The answer should reproduce every entry exactly and contain no images.

Start of PROVIDED RECORDS

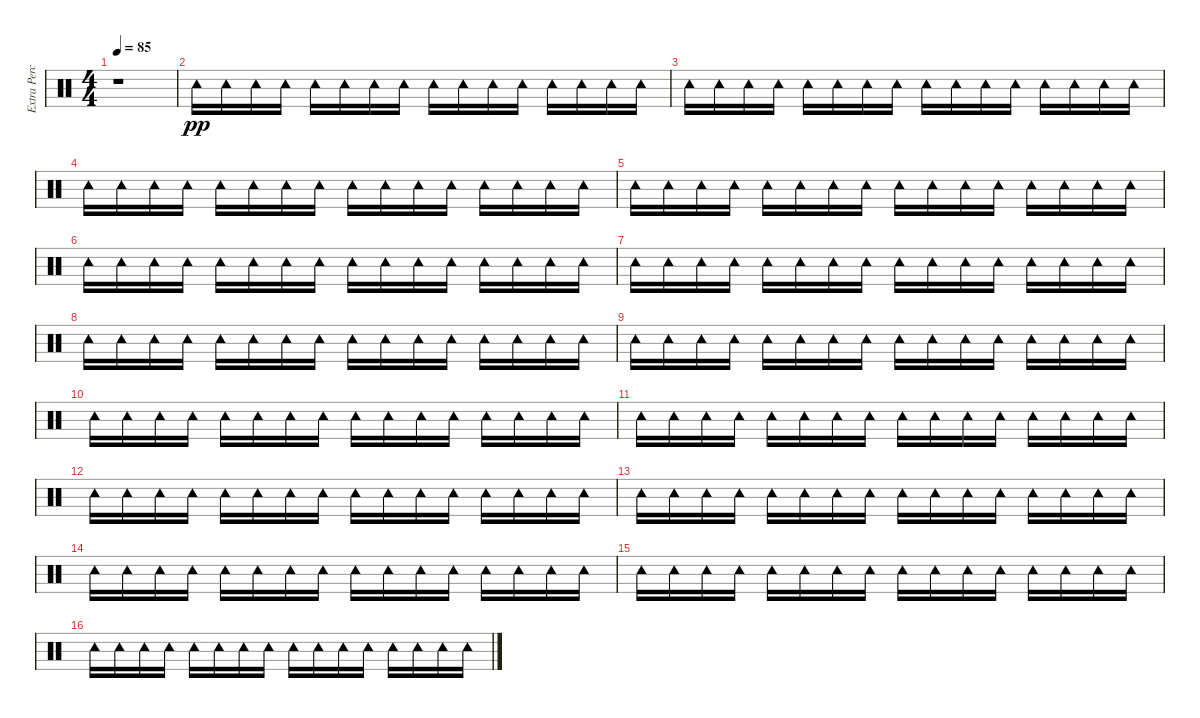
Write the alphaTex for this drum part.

\track ("Extra Percussion" "Extra Perc") {instrument percussion}
\staff {score}
\articulation defaults
\ts (4 4)
\tempo 85
\clef neutral
\ks c
r.1{dy pp} |
"Tambourine (hit)".16 "Tambourine (hit)".16 "Tambourine (hit)".16 "Tambourine (hit)".16 "Tambourine (hit)".16 "Tambourine (hit)".16 "Tambourine (hit)".16 "Tambourine (hit)".16 "Tambourine (hit)".16 "Tambourine (hit)".16 "Tambourine (hit)".16 "Tambourine (hit)".16 "Tambourine (hit)".16 "Tambourine (hit)".16 "Tambourine (hit)".16 "Tambourine (hit)".16 |
"Tambourine (hit)".16 "Tambourine (hit)".16 "Tambourine (hit)".16 "Tambourine (hit)".16 "Tambourine (hit)".16 "Tambourine (hit)".16 "Tambourine (hit)".16 "Tambourine (hit)".16 "Tambourine (hit)".16 "Tambourine (hit)".16 "Tambourine (hit)".16 "Tambourine (hit)".16 "Tambourine (hit)".16 "Tambourine (hit)".16 "Tambourine (hit)".16 "Tambourine (hit)".16 |
"Tambourine (hit)".16 "Tambourine (hit)".16 "Tambourine (hit)".16 "Tambourine (hit)".16 "Tambourine (hit)".16 "Tambourine (hit)".16 "Tambourine (hit)".16 "Tambourine (hit)".16 "Tambourine (hit)".16 "Tambourine (hit)".16 "Tambourine (hit)".16 "Tambourine (hit)".16 "Tambourine (hit)".16 "Tambourine (hit)".16 "Tambourine (hit)".16 "Tambourine (hit)".16 |
"Tambourine (hit)".16 "Tambourine (hit)".16 "Tambourine (hit)".16 "Tambourine (hit)".16 "Tambourine (hit)".16 "Tambourine (hit)".16 "Tambourine (hit)".16 "Tambourine (hit)".16 "Tambourine (hit)".16 "Tambourine (hit)".16 "Tambourine (hit)".16 "Tambourine (hit)".16 "Tambourine (hit)".16 "Tambourine (hit)".16 "Tambourine (hit)".16 "Tambourine (hit)".16 |
"Tambourine (hit)".16 "Tambourine (hit)".16 "Tambourine (hit)".16 "Tambourine (hit)".16 "Tambourine (hit)".16 "Tambourine (hit)".16 "Tambourine (hit)".16 "Tambourine (hit)".16 "Tambourine (hit)".16 "Tambourine (hit)".16 "Tambourine (hit)".16 "Tambourine (hit)".16 "Tambourine (hit)".16 "Tambourine (hit)".16 "Tambourine (hit)".16 "Tambourine (hit)".16 |
"Tambourine (hit)".16 "Tambourine (hit)".16 "Tambourine (hit)".16 "Tambourine (hit)".16 "Tambourine (hit)".16 "Tambourine (hit)".16 "Tambourine (hit)".16 "Tambourine (hit)".16 "Tambourine (hit)".16 "Tambourine (hit)".16 "Tambourine (hit)".16 "Tambourine (hit)".16 "Tambourine (hit)".16 "Tambourine (hit)".16 "Tambourine (hit)".16 "Tambourine (hit)".16 |
"Tambourine (hit)".16 "Tambourine (hit)".16 "Tambourine (hit)".16 "Tambourine (hit)".16 "Tambourine (hit)".16 "Tambourine (hit)".16 "Tambourine (hit)".16 "Tambourine (hit)".16 "Tambourine (hit)".16 "Tambourine (hit)".16 "Tambourine (hit)".16 "Tambourine (hit)".16 "Tambourine (hit)".16 "Tambourine (hit)".16 "Tambourine (hit)".16 "Tambourine (hit)".16 |
"Tambourine (hit)".16 "Tambourine (hit)".16 "Tambourine (hit)".16 "Tambourine (hit)".16 "Tambourine (hit)".16 "Tambourine (hit)".16 "Tambourine (hit)".16 "Tambourine (hit)".16 "Tambourine (hit)".16 "Tambourine (hit)".16 "Tambourine (hit)".16 "Tambourine (hit)".16 "Tambourine (hit)".16 "Tambourine (hit)".16 "Tambourine (hit)".16 "Tambourine (hit)".16 |
"Tambourine (hit)".16 "Tambourine (hit)".16 "Tambourine (hit)".16 "Tambourine (hit)".16 "Tambourine (hit)".16 "Tambourine (hit)".16 "Tambourine (hit)".16 "Tambourine (hit)".16 "Tambourine (hit)".16 "Tambourine (hit)".16 "Tambourine (hit)".16 "Tambourine (hit)".16 "Tambourine (hit)".16 "Tambourine (hit)".16 "Tambourine (hit)".16 "Tambourine (hit)".16 |
"Tambourine (hit)".16 "Tambourine (hit)".16 "Tambourine (hit)".16 "Tambourine (hit)".16 "Tambourine (hit)".16 "Tambourine (hit)".16 "Tambourine (hit)".16 "Tambourine (hit)".16 "Tambourine (hit)".16 "Tambourine (hit)".16 "Tambourine (hit)".16 "Tambourine (hit)".16 "Tambourine (hit)".16 "Tambourine (hit)".16 "Tambourine (hit)".16 "Tambourine (hit)".16 |
"Tambourine (hit)".16 "Tambourine (hit)".16 "Tambourine (hit)".16 "Tambourine (hit)".16 "Tambourine (hit)".16 "Tambourine (hit)".16 "Tambourine (hit)".16 "Tambourine (hit)".16 "Tambourine (hit)".16 "Tambourine (hit)".16 "Tambourine (hit)".16 "Tambourine (hit)".16 "Tambourine (hit)".16 "Tambourine (hit)".16 "Tambourine (hit)".16 "Tambourine (hit)".16 |
"Tambourine (hit)".16 "Tambourine (hit)".16 "Tambourine (hit)".16 "Tambourine (hit)".16 "Tambourine (hit)".16 "Tambourine (hit)".16 "Tambourine (hit)".16 "Tambourine (hit)".16 "Tambourine (hit)".16 "Tambourine (hit)".16 "Tambourine (hit)".16 "Tambourine (hit)".16 "Tambourine (hit)".16 "Tambourine (hit)".16 "Tambourine (hit)".16 "Tambourine (hit)".16 |
"Tambourine (hit)".16 "Tambourine (hit)".16 "Tambourine (hit)".16 "Tambourine (hit)".16 "Tambourine (hit)".16 "Tambourine (hit)".16 "Tambourine (hit)".16 "Tambourine (hit)".16 "Tambourine (hit)".16 "Tambourine (hit)".16 "Tambourine (hit)".16 "Tambourine (hit)".16 "Tambourine (hit)".16 "Tambourine (hit)".16 "Tambourine (hit)".16 "Tambourine (hit)".16 |
"Tambourine (hit)".16 "Tambourine (hit)".16 "Tambourine (hit)".16 "Tambourine (hit)".16 "Tambourine (hit)".16 "Tambourine (hit)".16 "Tambourine (hit)".16 "Tambourine (hit)".16 "Tambourine (hit)".16 "Tambourine (hit)".16 "Tambourine (hit)".16 "Tambourine (hit)".16 "Tambourine (hit)".16 "Tambourine (hit)".16 "Tambourine (hit)".16 "Tambourine (hit)".16 |
"Tambourine (hit)".16 "Tambourine (hit)".16 "Tambourine (hit)".16 "Tambourine (hit)".16 "Tambourine (hit)".16 "Tambourine (hit)".16 "Tambourine (hit)".16 "Tambourine (hit)".16 "Tambourine (hit)".16 "Tambourine (hit)".16 "Tambourine (hit)".16 "Tambourine (hit)".16 "Tambourine (hit)".16 "Tambourine (hit)".16 "Tambourine (hit)".16 "Tambourine (hit)".16

End of PROVIDED RECORDS

◆ RESPONSE BELOW:
Write the alphaTex for this drum part.

\track ("Extra Percussion" "Extra Perc") {instrument percussion}
\staff {score}
\articulation defaults
\ts (4 4)
\tempo 85
\clef neutral
\ks c
r.1{dy pp} |
"Tambourine (hit)".16 "Tambourine (hit)".16 "Tambourine (hit)".16 "Tambourine (hit)".16 "Tambourine (hit)".16 "Tambourine (hit)".16 "Tambourine (hit)".16 "Tambourine (hit)".16 "Tambourine (hit)".16 "Tambourine (hit)".16 "Tambourine (hit)".16 "Tambourine (hit)".16 "Tambourine (hit)".16 "Tambourine (hit)".16 "Tambourine (hit)".16 "Tambourine (hit)".16 |
"Tambourine (hit)".16 "Tambourine (hit)".16 "Tambourine (hit)".16 "Tambourine (hit)".16 "Tambourine (hit)".16 "Tambourine (hit)".16 "Tambourine (hit)".16 "Tambourine (hit)".16 "Tambourine (hit)".16 "Tambourine (hit)".16 "Tambourine (hit)".16 "Tambourine (hit)".16 "Tambourine (hit)".16 "Tambourine (hit)".16 "Tambourine (hit)".16 "Tambourine (hit)".16 |
"Tambourine (hit)".16 "Tambourine (hit)".16 "Tambourine (hit)".16 "Tambourine (hit)".16 "Tambourine (hit)".16 "Tambourine (hit)".16 "Tambourine (hit)".16 "Tambourine (hit)".16 "Tambourine (hit)".16 "Tambourine (hit)".16 "Tambourine (hit)".16 "Tambourine (hit)".16 "Tambourine (hit)".16 "Tambourine (hit)".16 "Tambourine (hit)".16 "Tambourine (hit)".16 |
"Tambourine (hit)".16 "Tambourine (hit)".16 "Tambourine (hit)".16 "Tambourine (hit)".16 "Tambourine (hit)".16 "Tambourine (hit)".16 "Tambourine (hit)".16 "Tambourine (hit)".16 "Tambourine (hit)".16 "Tambourine (hit)".16 "Tambourine (hit)".16 "Tambourine (hit)".16 "Tambourine (hit)".16 "Tambourine (hit)".16 "Tambourine (hit)".16 "Tambourine (hit)".16 |
"Tambourine (hit)".16 "Tambourine (hit)".16 "Tambourine (hit)".16 "Tambourine (hit)".16 "Tambourine (hit)".16 "Tambourine (hit)".16 "Tambourine (hit)".16 "Tambourine (hit)".16 "Tambourine (hit)".16 "Tambourine (hit)".16 "Tambourine (hit)".16 "Tambourine (hit)".16 "Tambourine (hit)".16 "Tambourine (hit)".16 "Tambourine (hit)".16 "Tambourine (hit)".16 |
"Tambourine (hit)".16 "Tambourine (hit)".16 "Tambourine (hit)".16 "Tambourine (hit)".16 "Tambourine (hit)".16 "Tambourine (hit)".16 "Tambourine (hit)".16 "Tambourine (hit)".16 "Tambourine (hit)".16 "Tambourine (hit)".16 "Tambourine (hit)".16 "Tambourine (hit)".16 "Tambourine (hit)".16 "Tambourine (hit)".16 "Tambourine (hit)".16 "Tambourine (hit)".16 |
"Tambourine (hit)".16 "Tambourine (hit)".16 "Tambourine (hit)".16 "Tambourine (hit)".16 "Tambourine (hit)".16 "Tambourine (hit)".16 "Tambourine (hit)".16 "Tambourine (hit)".16 "Tambourine (hit)".16 "Tambourine (hit)".16 "Tambourine (hit)".16 "Tambourine (hit)".16 "Tambourine (hit)".16 "Tambourine (hit)".16 "Tambourine (hit)".16 "Tambourine (hit)".16 |
"Tambourine (hit)".16 "Tambourine (hit)".16 "Tambourine (hit)".16 "Tambourine (hit)".16 "Tambourine (hit)".16 "Tambourine (hit)".16 "Tambourine (hit)".16 "Tambourine (hit)".16 "Tambourine (hit)".16 "Tambourine (hit)".16 "Tambourine (hit)".16 "Tambourine (hit)".16 "Tambourine (hit)".16 "Tambourine (hit)".16 "Tambourine (hit)".16 "Tambourine (hit)".16 |
"Tambourine (hit)".16 "Tambourine (hit)".16 "Tambourine (hit)".16 "Tambourine (hit)".16 "Tambourine (hit)".16 "Tambourine (hit)".16 "Tambourine (hit)".16 "Tambourine (hit)".16 "Tambourine (hit)".16 "Tambourine (hit)".16 "Tambourine (hit)".16 "Tambourine (hit)".16 "Tambourine (hit)".16 "Tambourine (hit)".16 "Tambourine (hit)".16 "Tambourine (hit)".16 |
"Tambourine (hit)".16 "Tambourine (hit)".16 "Tambourine (hit)".16 "Tambourine (hit)".16 "Tambourine (hit)".16 "Tambourine (hit)".16 "Tambourine (hit)".16 "Tambourine (hit)".16 "Tambourine (hit)".16 "Tambourine (hit)".16 "Tambourine (hit)".16 "Tambourine (hit)".16 "Tambourine (hit)".16 "Tambourine (hit)".16 "Tambourine (hit)".16 "Tambourine (hit)".16 |
"Tambourine (hit)".16 "Tambourine (hit)".16 "Tambourine (hit)".16 "Tambourine (hit)".16 "Tambourine (hit)".16 "Tambourine (hit)".16 "Tambourine (hit)".16 "Tambourine (hit)".16 "Tambourine (hit)".16 "Tambourine (hit)".16 "Tambourine (hit)".16 "Tambourine (hit)".16 "Tambourine (hit)".16 "Tambourine (hit)".16 "Tambourine (hit)".16 "Tambourine (hit)".16 |
"Tambourine (hit)".16 "Tambourine (hit)".16 "Tambourine (hit)".16 "Tambourine (hit)".16 "Tambourine (hit)".16 "Tambourine (hit)".16 "Tambourine (hit)".16 "Tambourine (hit)".16 "Tambourine (hit)".16 "Tambourine (hit)".16 "Tambourine (hit)".16 "Tambourine (hit)".16 "Tambourine (hit)".16 "Tambourine (hit)".16 "Tambourine (hit)".16 "Tambourine (hit)".16 |
"Tambourine (hit)".16 "Tambourine (hit)".16 "Tambourine (hit)".16 "Tambourine (hit)".16 "Tambourine (hit)".16 "Tambourine (hit)".16 "Tambourine (hit)".16 "Tambourine (hit)".16 "Tambourine (hit)".16 "Tambourine (hit)".16 "Tambourine (hit)".16 "Tambourine (hit)".16 "Tambourine (hit)".16 "Tambourine (hit)".16 "Tambourine (hit)".16 "Tambourine (hit)".16 |
"Tambourine (hit)".16 "Tambourine (hit)".16 "Tambourine (hit)".16 "Tambourine (hit)".16 "Tambourine (hit)".16 "Tambourine (hit)".16 "Tambourine (hit)".16 "Tambourine (hit)".16 "Tambourine (hit)".16 "Tambourine (hit)".16 "Tambourine (hit)".16 "Tambourine (hit)".16 "Tambourine (hit)".16 "Tambourine (hit)".16 "Tambourine (hit)".16 "Tambourine (hit)".16 |
"Tambourine (hit)".16 "Tambourine (hit)".16 "Tambourine (hit)".16 "Tambourine (hit)".16 "Tambourine (hit)".16 "Tambourine (hit)".16 "Tambourine (hit)".16 "Tambourine (hit)".16 "Tambourine (hit)".16 "Tambourine (hit)".16 "Tambourine (hit)".16 "Tambourine (hit)".16 "Tambourine (hit)".16 "Tambourine (hit)".16 "Tambourine (hit)".16 "Tambourine (hit)".16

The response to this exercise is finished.